If you take a 35mm screen and add a cassette to hold the film on both sides, you can reduce the width to a minimum of 105 millimeters. However, you can't reduce the height to less than 60-65 millimeters because of the finder. When it comes to thickness, the lens is the problem. There were folding cameras with collapsible lens, and I thought that this might be the answer, but I didn't want to move the lens much because there were so many interactions with the shutter and the mechanisms. So I decided to use a short lens that would be fixed in place. I began by setting the dimensions for my small camera, which I thought should be about 100-105 millimeters wide, 60-65 millimeters high and 30 millimeters thick, though I was prepared to allow a little leeway in these dimensions.
Once I had reached that stage, the task of making such a camera became a major challenge. A camera was a treasured possession, and people kept them in cases. It was expensive to make cases. We first used a soft case for the Pen. It was extremely popular, and Sony asked if it could use the Olympus soft case for its portable radios. However, something designed to be carried everywhere had to fit in a pocket, the smallest of which is the breast pocket of a shirt. My idea was to make a camera small enough to fit in that pocket. I wanted to make it as small as today's mobile telephones. And that idea led me to get rid of the case. It would be a caseless camera.

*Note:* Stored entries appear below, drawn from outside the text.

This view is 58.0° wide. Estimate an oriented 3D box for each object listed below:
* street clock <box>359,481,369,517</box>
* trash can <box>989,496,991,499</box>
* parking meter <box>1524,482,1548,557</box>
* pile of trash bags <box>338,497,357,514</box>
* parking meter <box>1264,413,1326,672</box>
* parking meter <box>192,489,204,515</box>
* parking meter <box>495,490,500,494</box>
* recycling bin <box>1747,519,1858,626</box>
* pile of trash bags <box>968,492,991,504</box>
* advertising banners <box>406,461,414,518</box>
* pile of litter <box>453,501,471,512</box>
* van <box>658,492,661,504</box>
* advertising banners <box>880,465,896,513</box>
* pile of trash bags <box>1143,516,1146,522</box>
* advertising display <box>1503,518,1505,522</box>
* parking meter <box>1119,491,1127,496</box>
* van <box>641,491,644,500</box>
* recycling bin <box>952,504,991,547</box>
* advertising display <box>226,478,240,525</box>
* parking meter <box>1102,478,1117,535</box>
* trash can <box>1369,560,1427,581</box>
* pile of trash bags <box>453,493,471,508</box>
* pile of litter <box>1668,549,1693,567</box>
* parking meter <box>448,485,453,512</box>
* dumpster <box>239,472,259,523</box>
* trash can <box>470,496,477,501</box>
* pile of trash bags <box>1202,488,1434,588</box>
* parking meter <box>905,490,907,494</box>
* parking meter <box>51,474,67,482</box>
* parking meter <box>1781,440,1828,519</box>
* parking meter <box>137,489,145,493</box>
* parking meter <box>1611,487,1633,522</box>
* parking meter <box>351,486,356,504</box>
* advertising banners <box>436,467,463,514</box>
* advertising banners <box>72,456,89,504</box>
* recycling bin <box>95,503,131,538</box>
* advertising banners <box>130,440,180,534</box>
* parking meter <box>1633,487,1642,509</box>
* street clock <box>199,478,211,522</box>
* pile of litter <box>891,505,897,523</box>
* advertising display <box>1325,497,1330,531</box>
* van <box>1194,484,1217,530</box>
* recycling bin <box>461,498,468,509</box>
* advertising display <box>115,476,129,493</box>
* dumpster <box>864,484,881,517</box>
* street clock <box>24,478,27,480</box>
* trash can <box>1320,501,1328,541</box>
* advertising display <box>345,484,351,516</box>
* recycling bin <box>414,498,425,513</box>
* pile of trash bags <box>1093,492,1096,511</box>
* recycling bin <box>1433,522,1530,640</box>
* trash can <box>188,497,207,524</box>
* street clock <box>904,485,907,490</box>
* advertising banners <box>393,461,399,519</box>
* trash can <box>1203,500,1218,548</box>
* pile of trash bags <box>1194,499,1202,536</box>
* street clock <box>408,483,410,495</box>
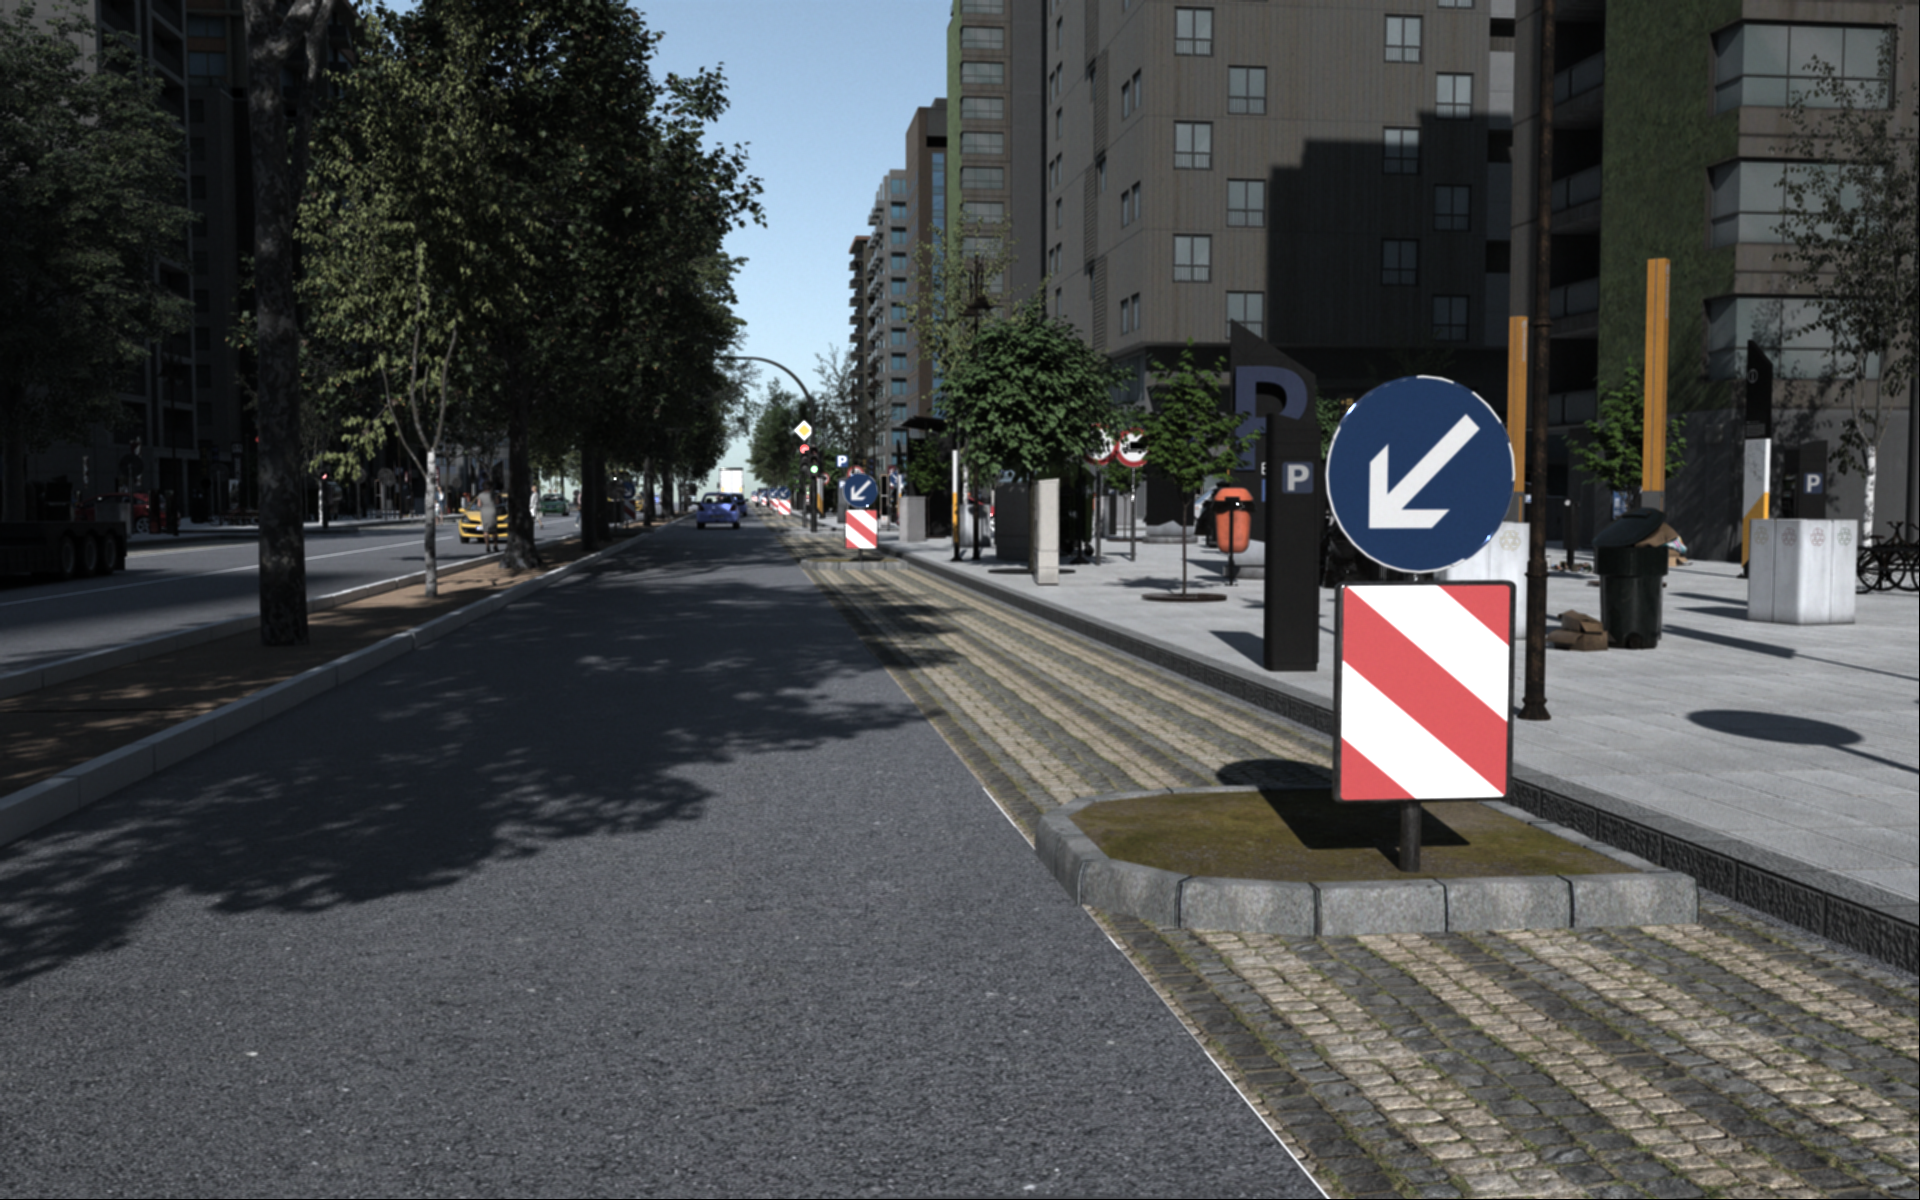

If I may skip forward a little, despite my youth I was invited to be the guest of honor at the wedding ceremony of the son of a camera case manufacturer, whose business was located in Tokyo's Koto Ward. The wedding was held two days after we had announced the caseless camera. There were about 650 guests, including many members of the Tokyo Metropolitan Assembly. When it was my turn to speak, I told them that we had launched a caseless camera two days before, and I explained with great regret that we would no longer be using cases.
Another problem was the lens cap. The cap protects the lens from scratching and fingerprints, but it's a troublesome component. People lose them. The new camera had to be caseless, capless and small enough to fit in a shirt breast pocket. These were the conditions for my concept of a camera that could be carried everywhere. Our determination to meet these conditions led to the XA. It certainly didn't need a case, and in that sense it was an extremely unusual camera.